The vertical integration also has a profound effect on the computational complexity. For a conventional processor, the total LUT capacity is less than 100 kb. In contrast, the total LUT capacity for the preferred MBC-processor could reach 100 Gb (for example, a 3D-XPoint die has a storage capacity of 128 Gb). Consequently, the preferred MBC-processor could support as many as 10,000 built-in functions, which are significantly more than the conventional processor.
Significantly more built-in functions shall flatten the prevailing framework of scientific computation (including the foundation, function and modeling layers). The hardware-implemented functions, which were only available to the foundation layer in the past, now become available to the function and modeling layers. Not only the mathematical functions in the function layer can be directly realized by hardware, but also the mathematical models in the modeling layer. In the function layer, the mathematical functions can be realized by a function-by-LUT method, i.e. the functional values are calculated by interpolating the function-related data stored in the LUT memory. In the modeling layer, the mathematical models can be realized by a model-by-LUT method, i.e. the input-output characteristics of a system component are modeled by interpolating the model-related data stored in the LUT memory. This would lead to a paradigm shift in scientific computation.

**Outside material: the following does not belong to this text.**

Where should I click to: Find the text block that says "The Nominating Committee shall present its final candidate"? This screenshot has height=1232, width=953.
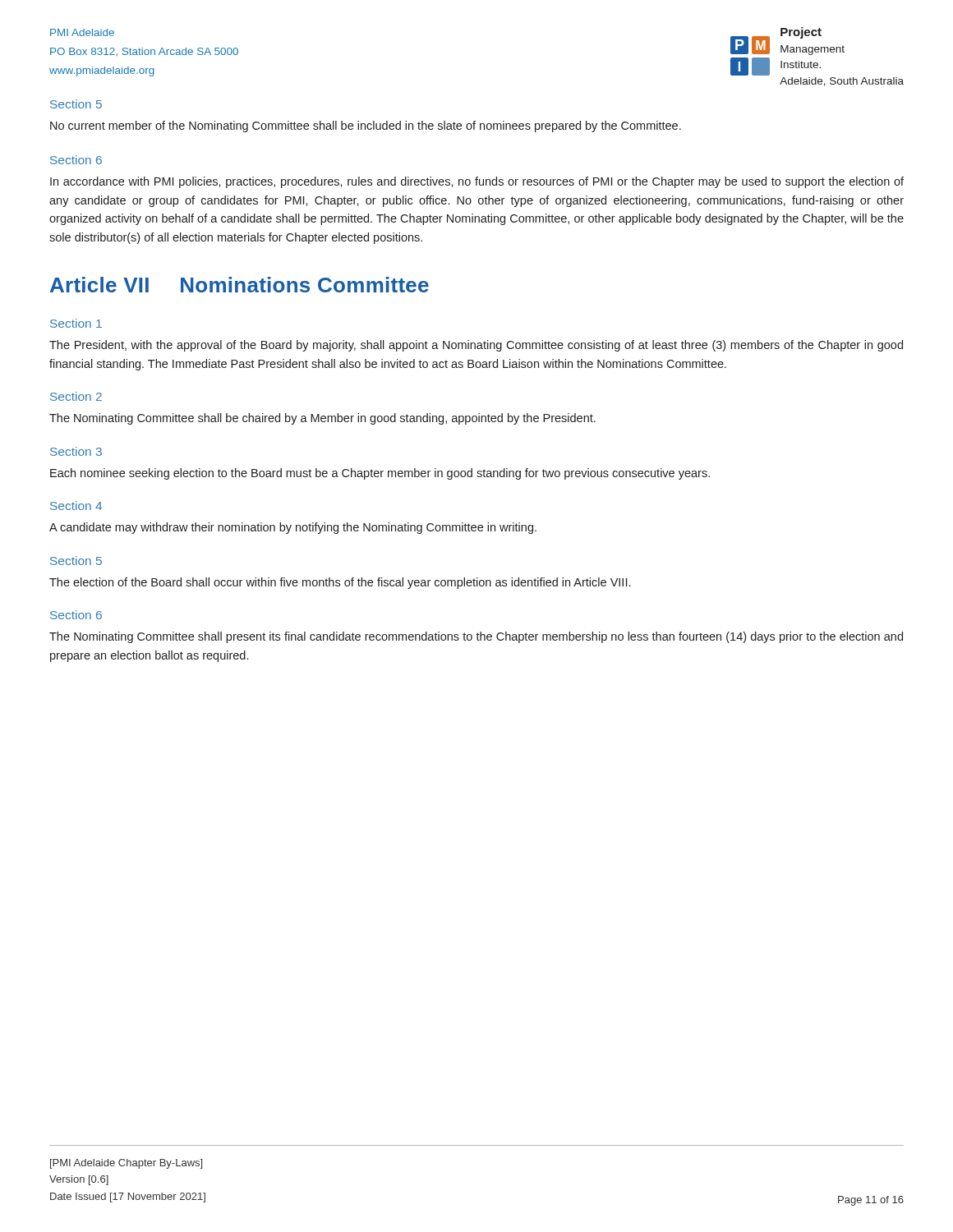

The best advantage of the memory-based computation (MBC) over the logic-based computation (LBC) is configurability and generality. By loading the LUTs of different mathematical functions into the LUT memory at different time, a single LUT memory can be used to implement a large set of mathematical functions, thus realizing configurable computation. Accordingly, the present invention discloses a configurable processor. It comprises at least an array of configurable computing elements, at least an array of configurable logic elements and at least an array of configurable interconnects. Each configurable computing element comprises at least a programmable memory for storing the LUT for a mathematical function. During operation, a complex function is first decomposed into a combination of basic functions. Each basic function is realized by programming an associated configurable computing element. The complex function is then realized by programming the appropriate configurable logic elements and configurable interconnects. Apparently, hardware computation of complex functions is much faster and more efficient than software computation.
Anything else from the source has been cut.